Harriet subió los desgastados escalones de piedra sin apartar los ojos de la puerta que acababa de materializarse. La pintura negra estaba estropeada y arañada, y la aldaba de plata tenía forma de serpiente retorcida. No había cerradura ni buzón. Howell sacó su varita y dio un golpe con ella en la puerta. Harriet oyó unos fuertes ruidos metálicos y algo que sonaba como una cadena. La puerta se abrió con un chirrido.

—Entra, Harriet, rápido —le susurró Howell—, pero no te alejes demasiado y no toques nada.

Harriet cruzó el umbral y se sumergió en la casi total oscuridad del vestíbulo. Olía a humedad, a polvo y a algo podrido y dulzón; la casa tenía toda la pinta de ser un edificio abandonado. Miró hacia atrás y vio a los otros, que iban en fila detrás de ella; Howell y Nissim llevaban su baúl y la jaula de Herman. Moody estaba de pie en el último escalón soltando las bolas de luz que el apagador había robado de las farolas: volvieron volando a sus bombillas y la plaza se iluminó, momentáneamente, con una luz naranja; entonces Moody entró renqueando en la casa y cerró la puerta, y la oscuridad del vestíbulo volvió a ser total.

—Por aquí...

Le dio unos golpecitos en la cabeza a Harriet con la varita; esta vez la muchacha sintió que algo caliente le goteaba por la espalda y comprendió que el encantamiento desilusionador había terminado.

—Ahora quedaos todos quietos mientras pongo un poco de luz aquí dentro. —susurró Moody.

Los murmullos de los demás le producían a Harriet una extraña aprensión; era como si acabaran de entrar en la casa de alguien que estaba a punto de morir. Oyó un débil silbido, y entonces unas anticuadas lámparas de gas se encendieron en las paredes y proyectaron una luz, débil y parpadeante, sobre el despegado papel pintado y sobre la raída alfombra de un largo y lúgubre vestíbulo, de cuyo techo colgaba una lámpara de cristal cubierta de telarañas y en cuyas paredes lucían retratos ennegrecidos por el tiempo que estaban torcidos.

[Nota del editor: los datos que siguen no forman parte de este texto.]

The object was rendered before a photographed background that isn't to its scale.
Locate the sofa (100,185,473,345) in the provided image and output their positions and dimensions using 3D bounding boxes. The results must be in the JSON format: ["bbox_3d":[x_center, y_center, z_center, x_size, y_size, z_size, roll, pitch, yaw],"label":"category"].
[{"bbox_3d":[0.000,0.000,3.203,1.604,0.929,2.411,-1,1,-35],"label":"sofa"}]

Harriet oyó algo que correteaba detrás del zócalo. Tanto la lámpara como el candelabro, que había encima de una desvencijada mesa, tenían forma de serpiente. Oyeron unos rápidos pasos y la madre de Rose, la señora Prewett, entró por una puerta que había al fondo del vestíbulo. Corrió a recibirlos con una sonrisa radiante, aunque Harriet se fijó en que estaba mucho más pálida y delgada que la última vez que la había visto.

—¡Oh, Harriet, cuánto me alegro de verte! —susurró, y la estrujó con un fuerte abrazo; luego se separó un poco de ella y la examinó con ojo crítico— Estás paliducha; necesitas engordar un poco, pero me temo que tendrás que esperar hasta la hora de la cena —luego, dirigiéndose al grupo de magos que Harriet tenía detrás, la señora Prewett volvió a susurrar con tono apremiante—: Acaba de llegar. La reunión ya ha comenzado.